So I started meditating. It was one of those stop and start things for me. I would sit and try to meditate, only to find myself unable to or that I’d be done in like two minutes. And you know what? I was ok with that. My teacher actually told us to start with two minutes of breathing and see where we’d go from there.
So I did. Step by tiny step, I learned to meditate. Before I knew it I was under for an hour and a half at a time. And I felt some of my exhaustion lifting.
I opened myself up to meeting my spirit guides and guardians. Whomever wanted to show up. I met an arabian horse named Alexis first and foremost. She is lovely. Flea-bitten grey with deep limpid brown eyes. Full of love and snark. Reminds me of me now. But then I was just grateful to have the validation that I really wasn’t alone. That beings on the energetic/spiritual plane really were there and helping me.
I got to know her pretty well. She helped me take care of certain pieces of myself. My seven year old especially loved spending time with her in a lovely quiet field. They’d play for a bit and then lie in the grass and just enjoy the peace and healing.

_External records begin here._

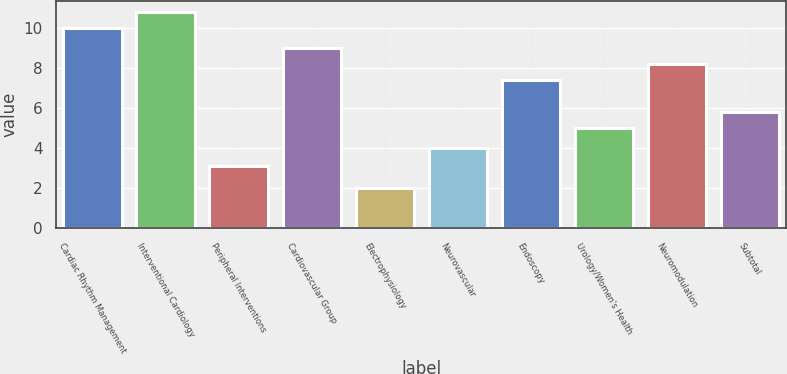Convert chart to OTSL. <chart><loc_0><loc_0><loc_500><loc_500><bar_chart><fcel>Cardiac Rhythm Management<fcel>Interventional Cardiology<fcel>Peripheral Interventions<fcel>Cardiovascular Group<fcel>Electrophysiology<fcel>Neurovascular<fcel>Endoscopy<fcel>Urology/Women's Health<fcel>Neuromodulation<fcel>Subtotal<nl><fcel>10<fcel>10.8<fcel>3.08<fcel>9<fcel>2<fcel>4<fcel>7.4<fcel>5<fcel>8.2<fcel>5.8<nl></chart> 
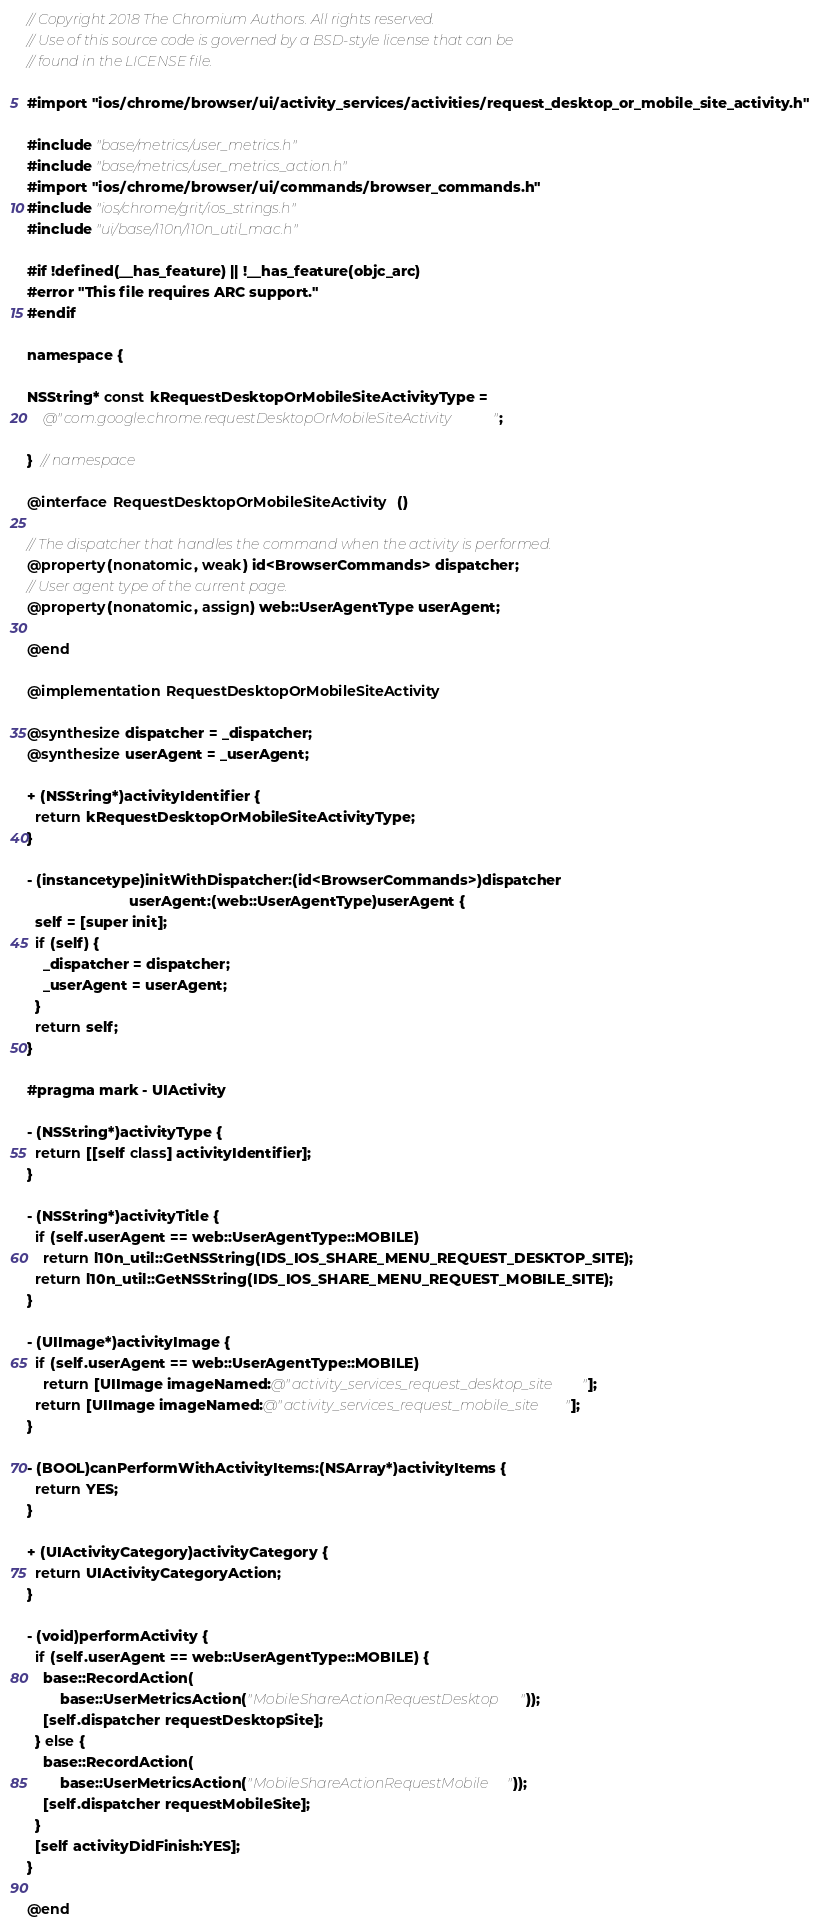<code> <loc_0><loc_0><loc_500><loc_500><_ObjectiveC_>// Copyright 2018 The Chromium Authors. All rights reserved.
// Use of this source code is governed by a BSD-style license that can be
// found in the LICENSE file.

#import "ios/chrome/browser/ui/activity_services/activities/request_desktop_or_mobile_site_activity.h"

#include "base/metrics/user_metrics.h"
#include "base/metrics/user_metrics_action.h"
#import "ios/chrome/browser/ui/commands/browser_commands.h"
#include "ios/chrome/grit/ios_strings.h"
#include "ui/base/l10n/l10n_util_mac.h"

#if !defined(__has_feature) || !__has_feature(objc_arc)
#error "This file requires ARC support."
#endif

namespace {

NSString* const kRequestDesktopOrMobileSiteActivityType =
    @"com.google.chrome.requestDesktopOrMobileSiteActivity";

}  // namespace

@interface RequestDesktopOrMobileSiteActivity ()

// The dispatcher that handles the command when the activity is performed.
@property(nonatomic, weak) id<BrowserCommands> dispatcher;
// User agent type of the current page.
@property(nonatomic, assign) web::UserAgentType userAgent;

@end

@implementation RequestDesktopOrMobileSiteActivity

@synthesize dispatcher = _dispatcher;
@synthesize userAgent = _userAgent;

+ (NSString*)activityIdentifier {
  return kRequestDesktopOrMobileSiteActivityType;
}

- (instancetype)initWithDispatcher:(id<BrowserCommands>)dispatcher
                         userAgent:(web::UserAgentType)userAgent {
  self = [super init];
  if (self) {
    _dispatcher = dispatcher;
    _userAgent = userAgent;
  }
  return self;
}

#pragma mark - UIActivity

- (NSString*)activityType {
  return [[self class] activityIdentifier];
}

- (NSString*)activityTitle {
  if (self.userAgent == web::UserAgentType::MOBILE)
    return l10n_util::GetNSString(IDS_IOS_SHARE_MENU_REQUEST_DESKTOP_SITE);
  return l10n_util::GetNSString(IDS_IOS_SHARE_MENU_REQUEST_MOBILE_SITE);
}

- (UIImage*)activityImage {
  if (self.userAgent == web::UserAgentType::MOBILE)
    return [UIImage imageNamed:@"activity_services_request_desktop_site"];
  return [UIImage imageNamed:@"activity_services_request_mobile_site"];
}

- (BOOL)canPerformWithActivityItems:(NSArray*)activityItems {
  return YES;
}

+ (UIActivityCategory)activityCategory {
  return UIActivityCategoryAction;
}

- (void)performActivity {
  if (self.userAgent == web::UserAgentType::MOBILE) {
    base::RecordAction(
        base::UserMetricsAction("MobileShareActionRequestDesktop"));
    [self.dispatcher requestDesktopSite];
  } else {
    base::RecordAction(
        base::UserMetricsAction("MobileShareActionRequestMobile"));
    [self.dispatcher requestMobileSite];
  }
  [self activityDidFinish:YES];
}

@end
</code>

This allowed me to dissociate in a completely new way. I was no longer stepping out of myself into an unknown place. I was stepping aside inside myself and finding peace and healing. Which would have struck me as strange, but by this point, I was used to how odd things could be inside me.
I met a black cat named Calyx. Who is also very loving and snarky. She would help me clean wounds. You know, cat saliva and all that. She would help clear up the oozing areas and supply healing and companionship.
I also met many people on the spiritual/energetic plane that were not there to help me move forward. One, I know her only as the muse of silence, helped me keep my mouth shut. I had to dismiss her before I could truly start to speak. I also met my demon. The one assigned to me. I began to recognize moments in my life where his presence had greatly affected me. I became very desirous to protect myself from such an influence.
I became as picky about people on these other planes as I am about humans. And the beauty of this experiences was that now I had a whole network of supporters, teachers, protectors, guides, guardians, archangels, etc. to get to know. So I started to get to know them. And they taught me many things I needed to know.